Colossians 2:18, CSB: Let no one condemn you by delighting in ascetic practices and the worship of angels, claiming access to a visionary realm. Such people are inflated by empty notions of their unspiritual mind.

What does Colossians 2:18 mean? [⇑ See verse text ⇑]

Paul switches to an athletic reference in this verse, stating, "Let no one disqualify you." In athletics, outside judges, who are not themselves running, can declare certain people unfit or unable to compete, because they break some particular rule. Paul's point here is not that such things are inherently wrong, but simply that those who point to the Old Testament law as a reason to "disqualify" Christian believers are mistaken. His statement is in the context of the rules and rituals mentioned a few verses earlier.

While the Old Testament laws are not necessarily binding, there are moral and spiritual boundaries which Christians need to mind. Violating these will, in effect, "disqualify" a person from getting the prize there are seeking to win through their efforts. Paul personally worked hard to stay faithful and not disqualify himself from ministry (1 Corinthians 9:27). In 2 Timothy 3:8, he mentioned two men "disqualified regarding the faith." These are true spiritual failings, not merely a lack of obedience to human rules.

Paul encourages the Colossian Christians not to fall for the false teachings of those who held to mystical practices that were in contrast with God's truth. Paul's list includes four areas used as distractions from true Christian living, as promoted by false teachers.

First, Paul warns against "asceticism," a term referring to self-denial. The general idea includes extreme practices which appear noble but are not required by God, such as a vow of silence, prolonged fasting, or lifelong celibacy. These practices are not always wrong, but they are in no way requirements to follow Christ. Gnosticism, an early heresy confronting Christians, taught that the body was evil, and so all physical desires needed to be squelched.

Second, Paul notes the "worship of angels." Jesus taught that we are to worship God alone (Matthew 4:10). This deception goes along with Paul's warning not to be taken in by deceptive arguments (Colossians 2:8). Many of the false teachers in this day taught that mysticism and philosophy were the keys to knowledge, and that special visions from angels were a key part of truth. This, as Paul states clearly, is not true.

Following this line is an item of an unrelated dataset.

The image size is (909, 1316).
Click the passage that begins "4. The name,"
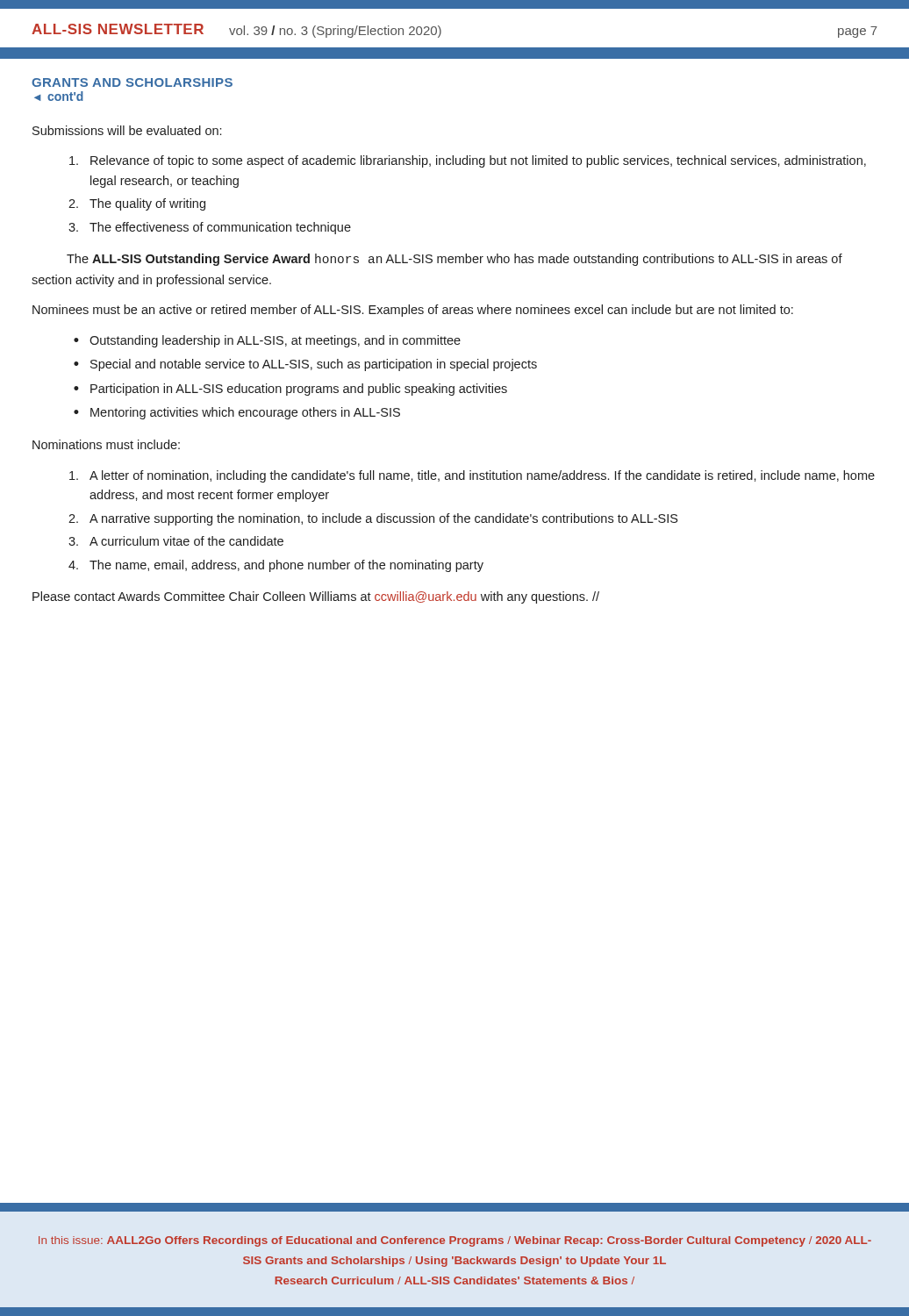pyautogui.click(x=257, y=565)

Third, Paul notes mystical visions. Interestingly, visions themselves are not really what Paul refutes here. Paul personally experienced visions. Rather, he seems to be rejecting the use of visions as a way to attract attention to one's self. Or, as a way to claim special knowledge, hence the reference to details.

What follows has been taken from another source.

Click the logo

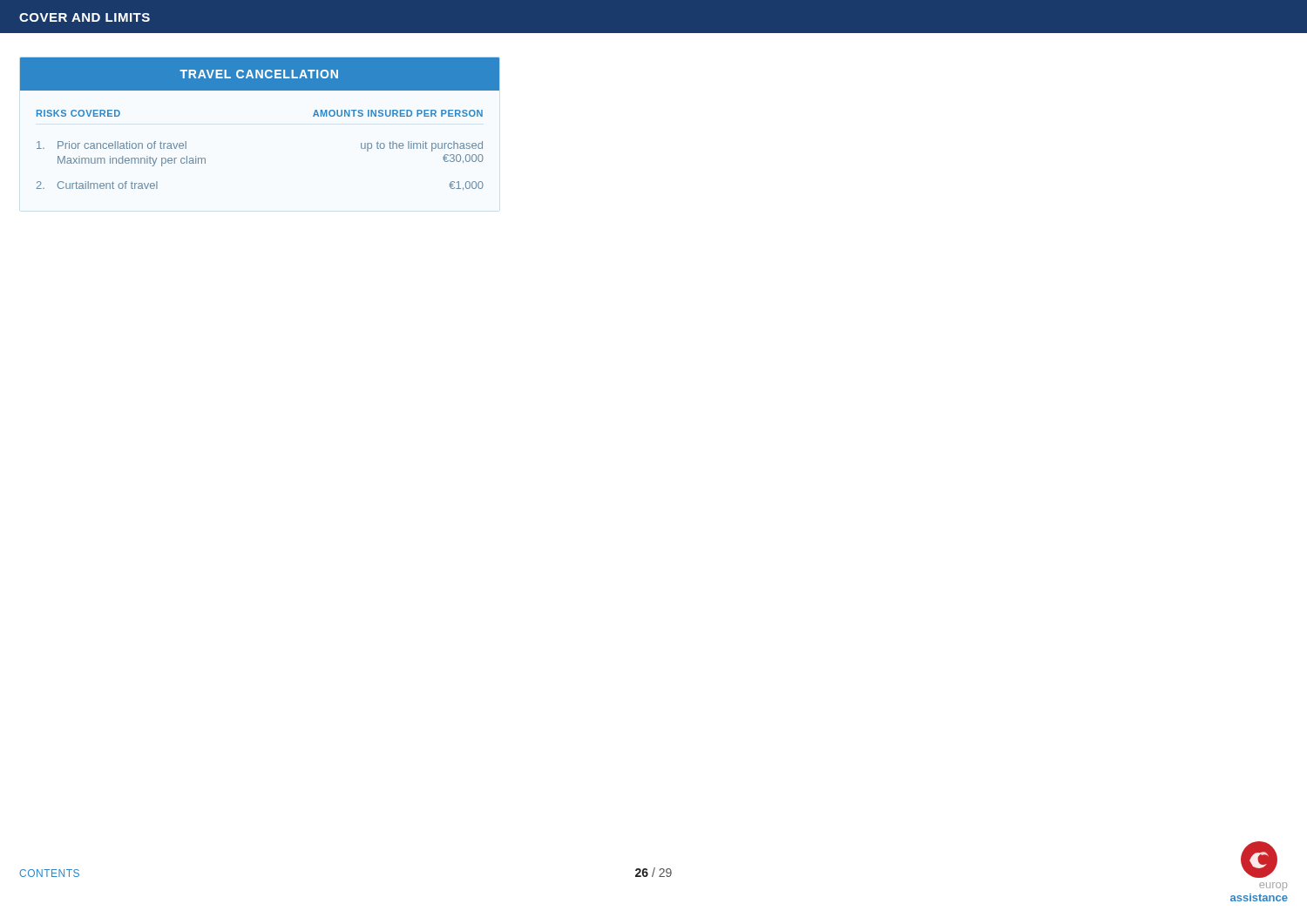tap(1259, 873)

Fourth, Paul noted those who let their deceptive arguments and personal visions go to their heads. Pride was at the root of those who promoted mystical or ascetic teachings. In fact, all four of these errors require a certain level of egotism; they all give the mystic, or the ascetic, or the guru a reason to claim that they are better than others as a result of their personal ability. That, however, is not the Christian way.